C’ÉTAIT UNE ERREUR


Il m’est arrivé quelque chose de très étrange l’autre soir.
Comme j’allais m’endormir, j’ai pris conscience de la réalité.
Ça a été très brutal, très soudain.
J’étais en train de penser paresseusement à un tas de choses importantes me concernant.
Des choses toutes bêtes, essentielles, ma vie quoi. Et je regardais distraitement ce que je vois le soir quand je ferme les yeux, des merveilles insaisissables sans cesse renouvelées et qui passent aussitôt, qui ne font que passer.
Tout à coup, ça m’est tombé dessus : j’ai vu la planète. Je l’ai sentie rouler, perdue dans l’univers. J’ai vu l’espace et les étoiles, j’ai reconnu la danse des mondes à l’infini.
Et j’ai vu le soleil s’éteindre, la Terre geler jusqu’à craquer de l’intérieur, j’ai vu le soleil exploser et la planète fondre de chaleur comme une motte de beurre dans un four.
J’ai vu passer le temps à sa vraie vitesse, et mon Dieu, ça allait vraiment trop vite pour nous, et d’un coup je me suis senti libéré, tout nu, et tout seul.
Je n’avais même plus le temps de penser aux choses importantes, qui d’ailleurs ne me concernaient plus. Je savais que j’avais écrit pour rien, que j’avais peint pour rien, même gravé pour rien, qu’à l’instant même où je croyais laisser ma trace, le vent avait déjà tout effacé, le vent du temps.
Je ne faisais que passer, et encore. Même le cul était retombé à sa place. Je me suis demandé où étaient passés les autres et dans l’éblouissement d’une nova et tout au fond d’un trou noir je me suis rendu compte qu’ils n’existaient pas plus que moi, et ça, ça m’a foutu un coup, parce que les autres, quand même, je les avais croisés en passant, et si je les avais inventés, alors eux aussi avaient dû me rêver.
Les autres, même quand je les connaissais bien, depuis toujours ils me manquaient. Si en plus ils n’existaient pas plus que moi…

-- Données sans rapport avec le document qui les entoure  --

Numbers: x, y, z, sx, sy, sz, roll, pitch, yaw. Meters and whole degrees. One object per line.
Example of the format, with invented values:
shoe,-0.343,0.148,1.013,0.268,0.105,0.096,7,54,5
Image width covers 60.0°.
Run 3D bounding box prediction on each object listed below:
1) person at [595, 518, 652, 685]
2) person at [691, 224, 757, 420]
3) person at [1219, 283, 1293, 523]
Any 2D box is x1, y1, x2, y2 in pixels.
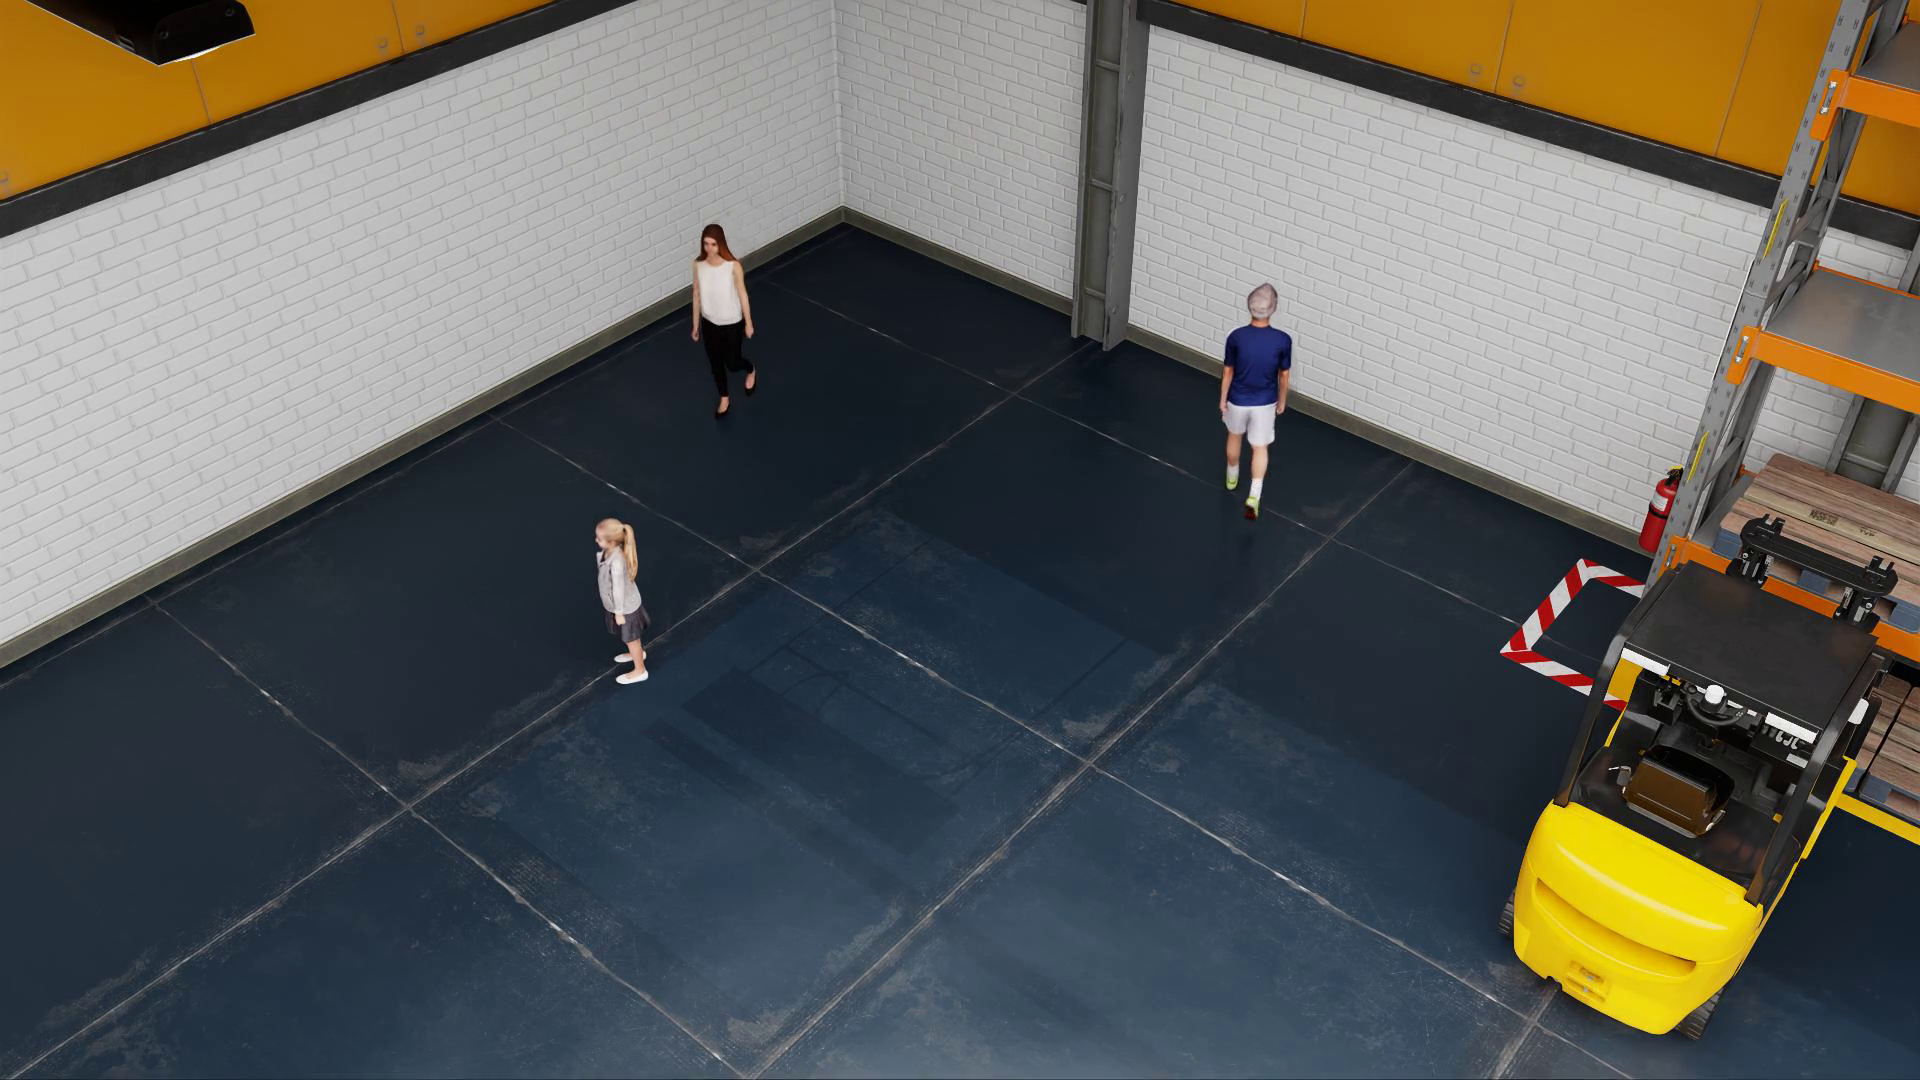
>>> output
person,-2.196,0.375,10.832,0.661,1.274,0.591,-8,39,-10
person,-1.845,-1.779,13.182,0.791,1.707,0.819,13,40,16
person,2.121,-0.977,12.092,1.128,1.815,1.068,5,39,6

Les yeux grands ouverts dans le noir, je contemplais la réalité : de nous tous il ne restait rien, pas même la mémoire.
Ça ne m’a pas empêché de dormir. J’ai dû rêver, parce qu’au matin, quand je me suis réveillé, ma réalité avait repris son allure normale. J’avais même l’impression d’être là.
Pour plus de sûreté, j’ai pris une tartine grillée supplémentaire au petit déjeuner et j’ai mis dessus un peu plus de beurre et de confiture d’abricots, celle que je fais moi-même.
Quand le téléphone a sonné, j’ai sauté dessus.
C’était une erreur. Je lui ai dit : Merci. Merci beaucoup.
Elle a raccroché.
C’est fou ce qu’il y a comme inconscients.